延命寺 インディカ舞 レヴュー・Part.3
【チャフラフスカって知ってますか?】
バラタナーティヤムの第一世代、一九三〇年代から活躍した、デーヴァダーシー(ヒンドゥー寺院付きの巫女)の舞や、ラヴィ・シャンカルの兄であるウダヤ・シャンカル、インド舞踊の殿堂カラークシェートラの創設者ルクミニー・デーヴィーらには、接したことがありません。
その次の世代のヤーミニー・クリシュナムールティや、亡くなられたサンジュクタ・パーニグラヒ、パドマ・スブラマニヤムの舞台は拝見したことがありますが、素晴らしいものです。
昨年、来日したウマー・ラーオはデモンストレーションを見ただけですが、その重心のしっかり降りた立ち姿とアビナヤ(演技術)で聴衆を巻き込む力は、やはりさすがでした。
旧世代のインド舞踊からサルカイの世代は進化を遂げています。しかしそれは、東京オリンピックの時にチェコの名花といわれた体操選手チャフラフスカの女性的で優美な演技と満点少女コマネチの機械のように正確な演技との違いでしょうか。
難易度では塚原の息子の方がはるかに高度なことをやってはいますが、だからといって塚原父を超えたかどうかは分かりません。時代によって変化するものですし、特にインド舞踊は四十近くならないと味を出せないような所があります。

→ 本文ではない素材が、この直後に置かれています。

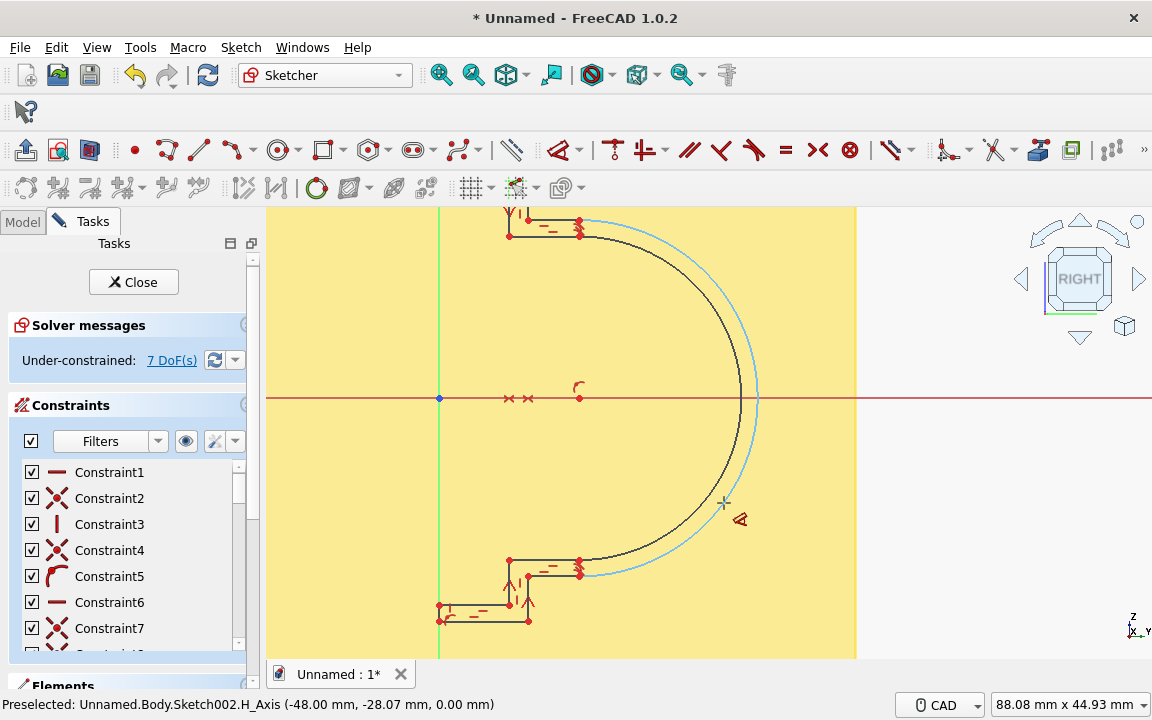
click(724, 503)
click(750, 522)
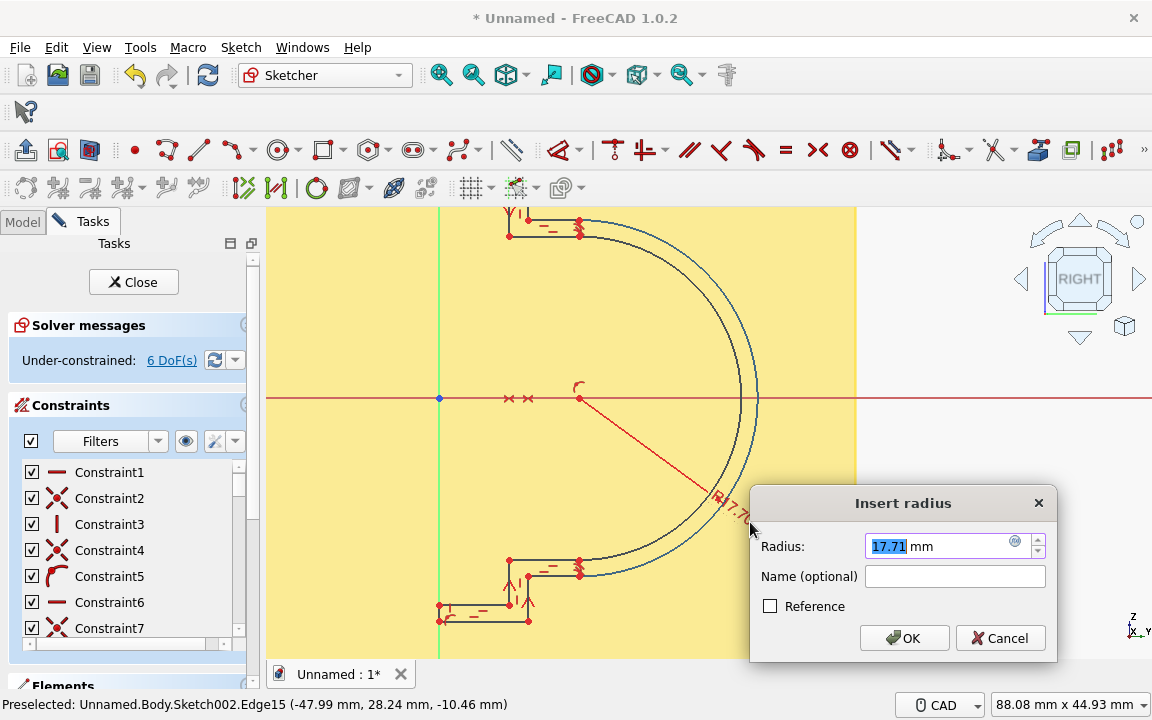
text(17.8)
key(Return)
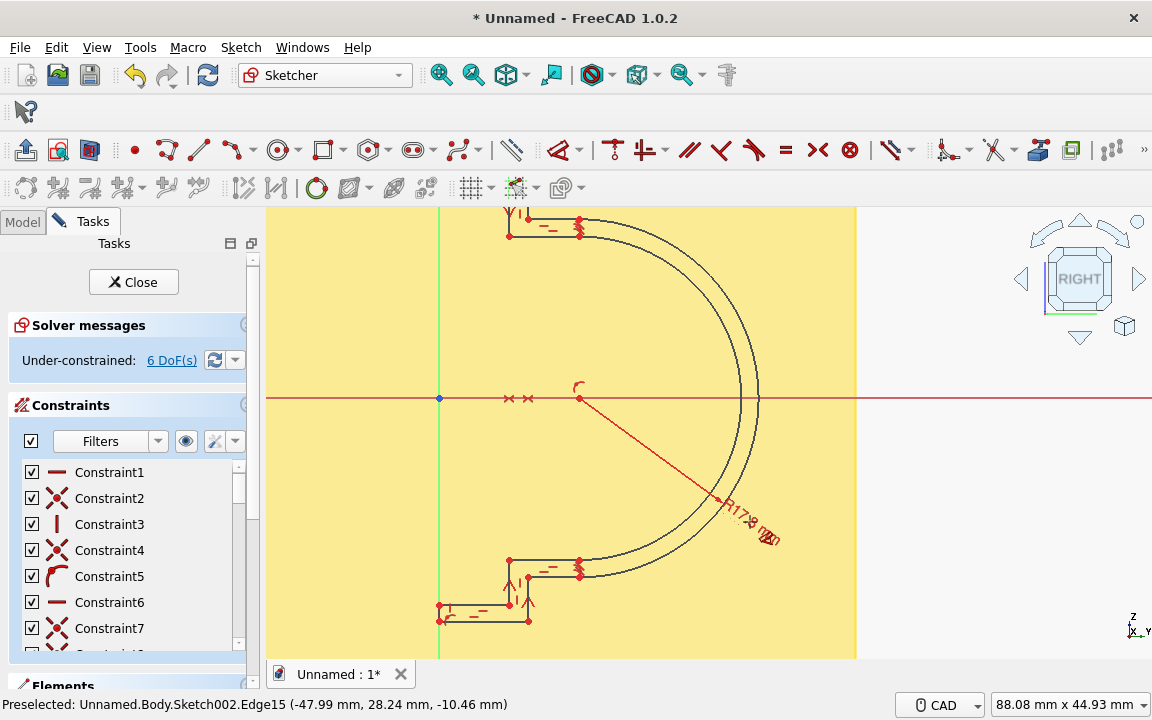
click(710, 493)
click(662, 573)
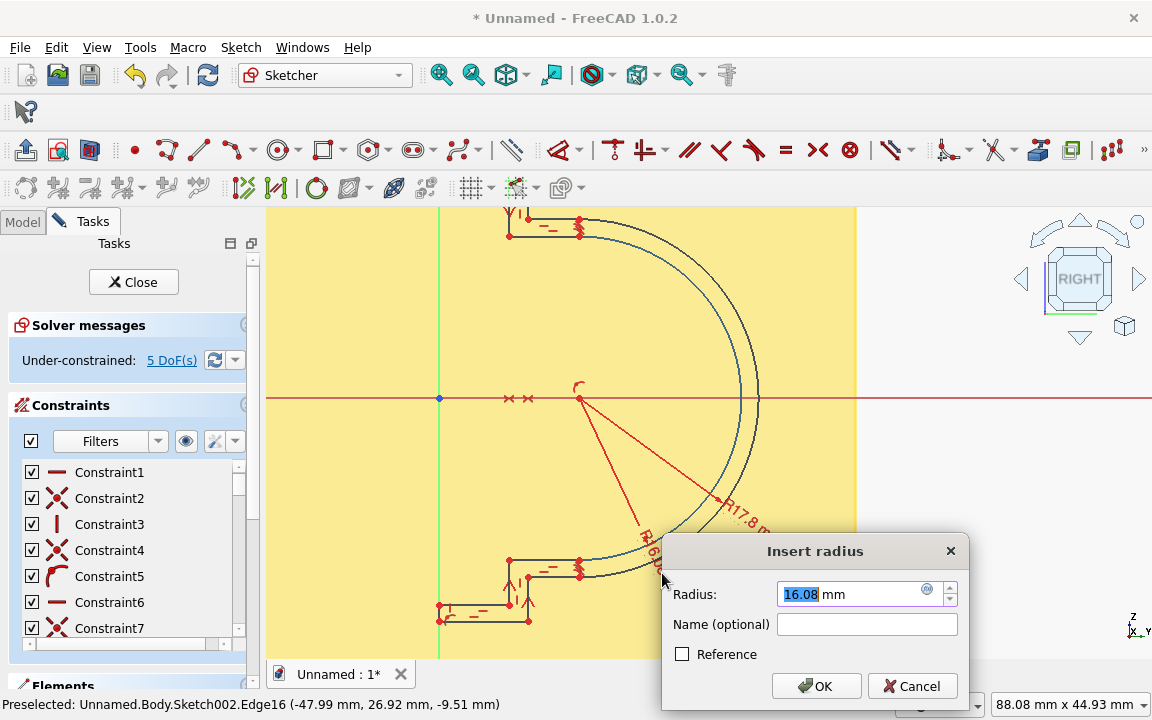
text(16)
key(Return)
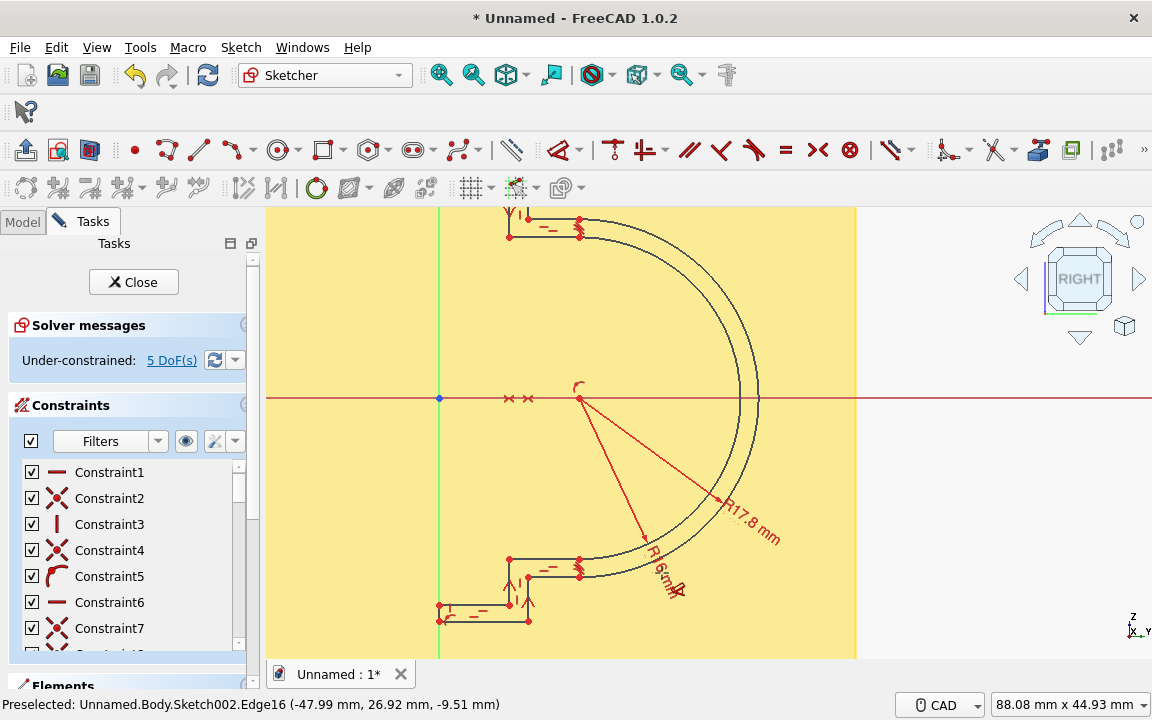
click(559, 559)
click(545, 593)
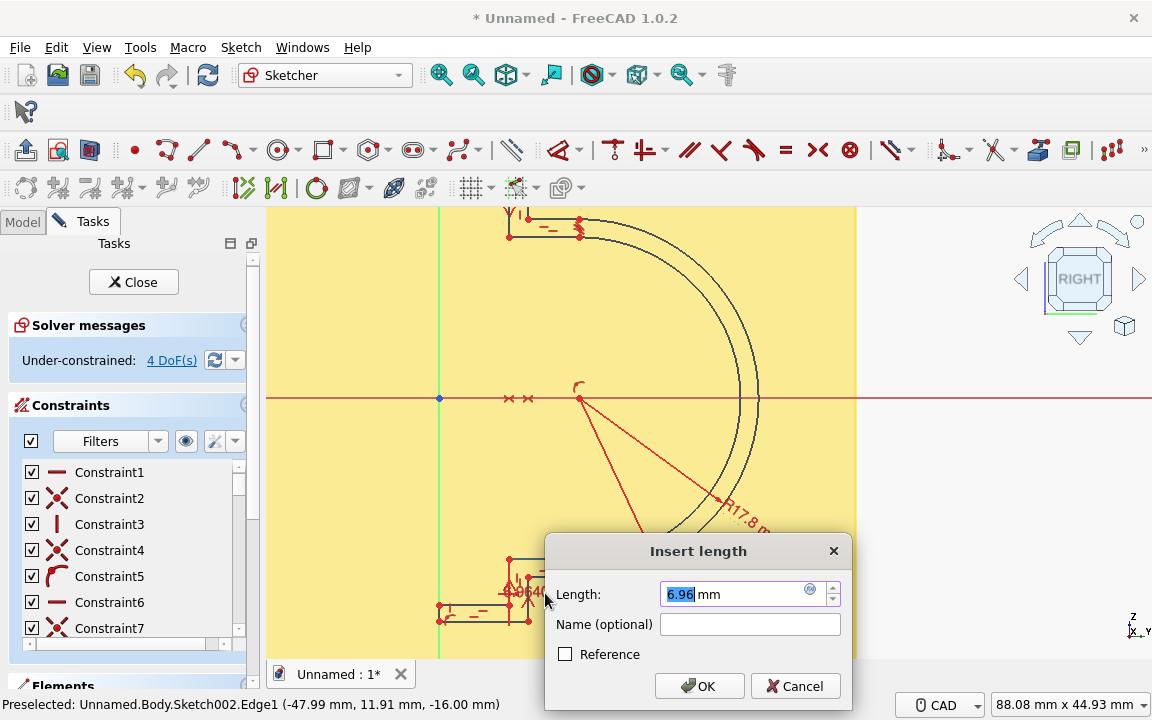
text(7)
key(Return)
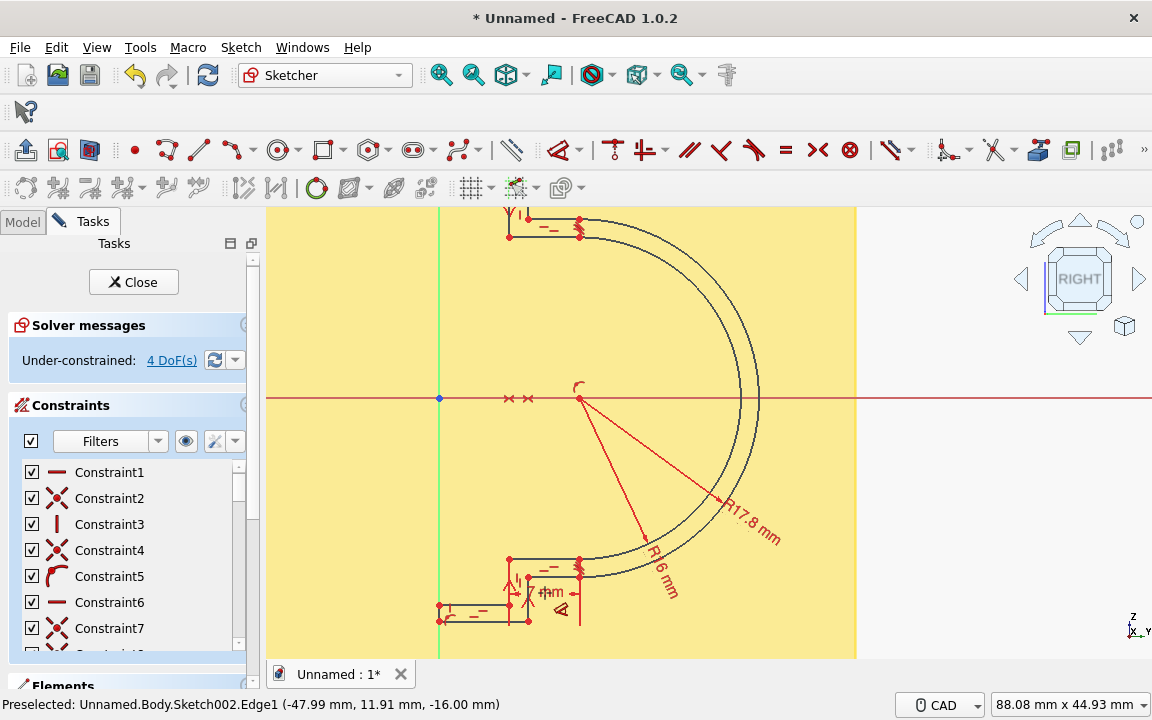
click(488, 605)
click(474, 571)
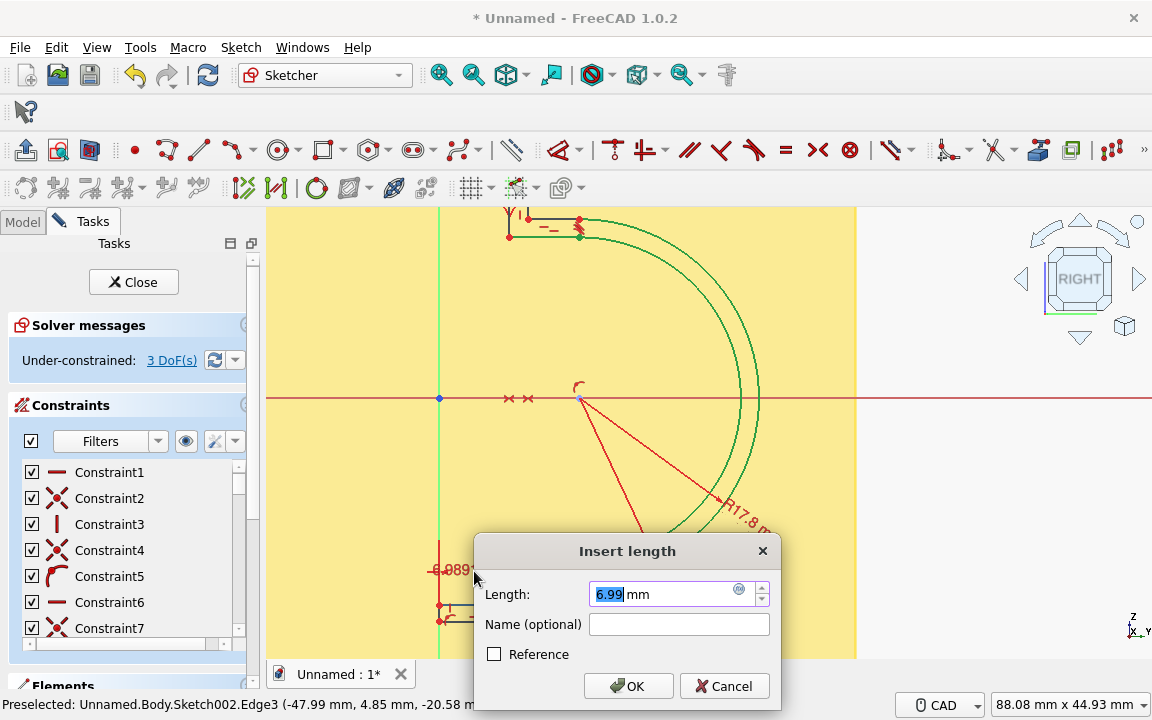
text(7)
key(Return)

最近、日本でデヴューする若手もテクニック的には上達しているのでしょうけれど、ポーズ写真を見ても重心が降りていないのが分かります。重心が決まらないと身体の他の部分がゆるまないです。身体がゆるまないと自由に動きません。
振武館の黒田鉄山師(居合いなど古武術の達人)は、若い頃、自分では十分にやっているつもりなのに、腰が降りていないとさんざんいわれ続けていたそうです。これは何センチ何ミリの高さという基準ではなくて、重心の決まり方なんでしょうね。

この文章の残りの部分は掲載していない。